Published by Simon and Schuster,
14 January 2016.
ISBN: 978-1-47114-880-4 (PB)
14 January 2016.
ISBN: 978-1-47114-880-4 (PB)
The Chosen is a story of
revenge served cold, very cold.
The complicated tale is set in
Stockholm where the investigative analyst, Fredrika Bergman and police inspector
Alex Recht hunt for the heartless killer of a pre-school teacher and two ten
year old boys who are abducted and then shot. All three victims belong to
a Jewish community, a fact that assumes greater importance as the investigation
proceeds. Fredrika and Alex are helped/ hindered in their search for the
truth by the Swedish secret service Sapo and the Israeli’s Mossad, and by an
ex-police colleague who’d abandoned the police several years previously after
he’d shot his brother’s murderer. A previous relationship between Eden
Lundell, a senior member of Sapo and Efraim Keil, a Mossad agent who just
happens to be in Stockholm, though nobody knows why, further complicates the
story.
The name, The Paper Boy, keeps
cropping up in the investigation. A frightening concept used to
discipline children on a kibbutz. Is he a mythical figure or a real
person? And why has the name reappeared in Sweden?
Fredrika and Alex believe that
both sets of the dead boy’s parents know more than they are willing to reveal.

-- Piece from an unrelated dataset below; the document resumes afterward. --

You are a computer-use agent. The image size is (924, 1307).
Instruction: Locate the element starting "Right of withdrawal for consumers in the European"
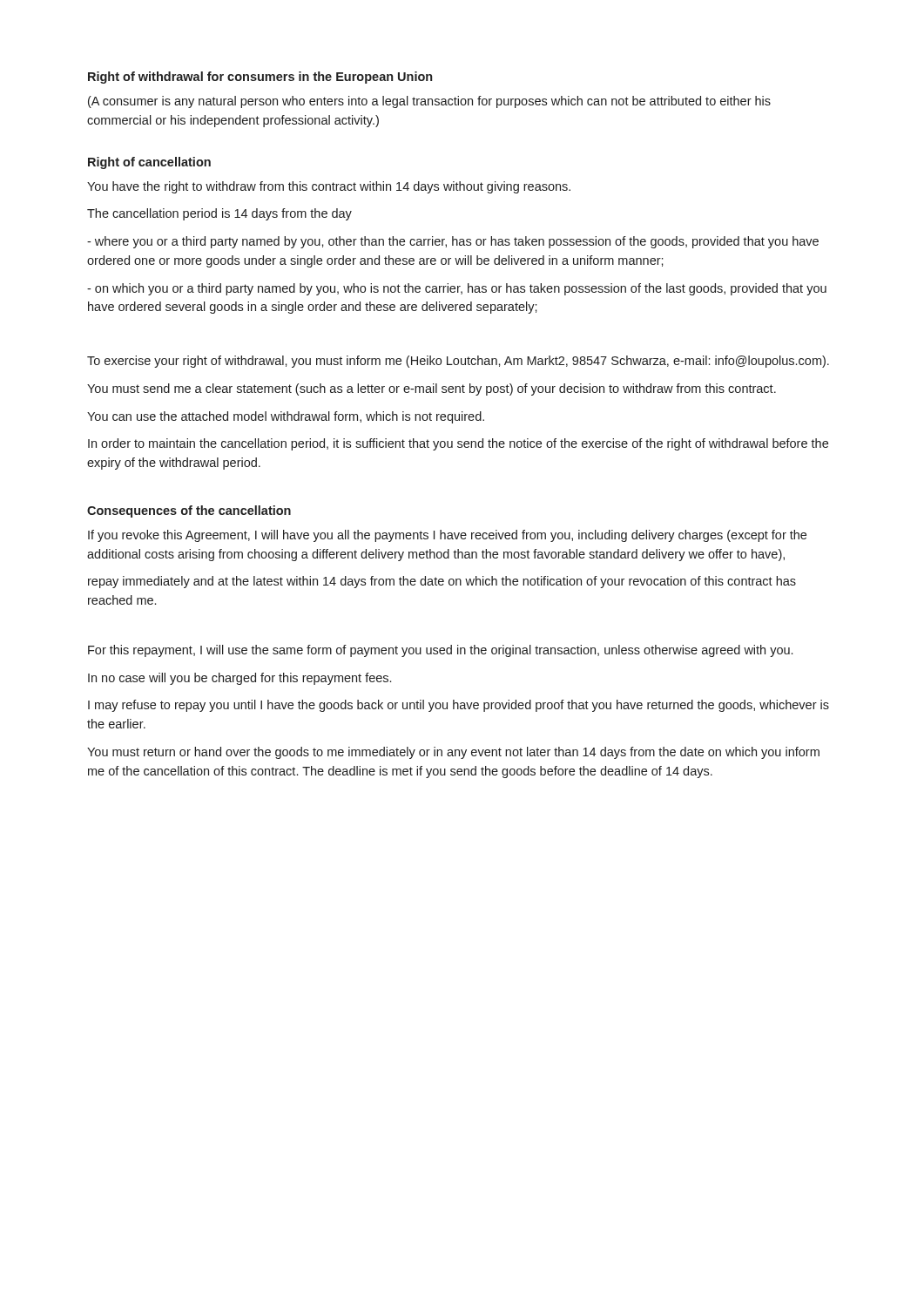click(x=260, y=77)
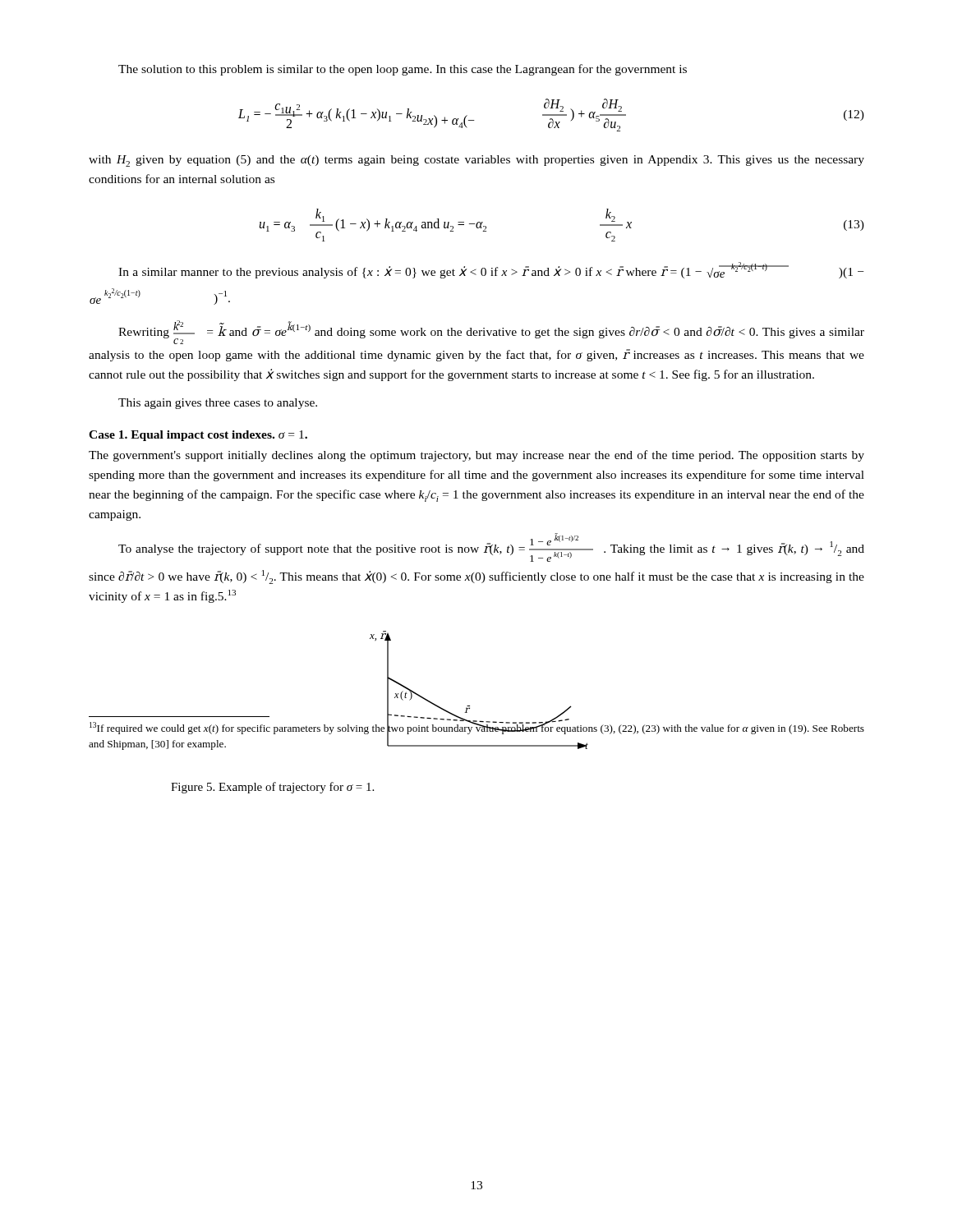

The parents share a lot of history. The two husbands had grown up
together on a kibbutz, and they, and one of the wives had done military service
with Mossad agent Efraim Keil before both families upped sticks and left Israel
roughly ten years previously.
Fredrica
goes to Israel where, to her surprise, she gets ostracized by the Israeli
police who are supposed to be helping her. Why are they so
sensitive to the questions she is asking? She travels alone to the
kibbutz where one set of the murdered boy’s grandparents still live.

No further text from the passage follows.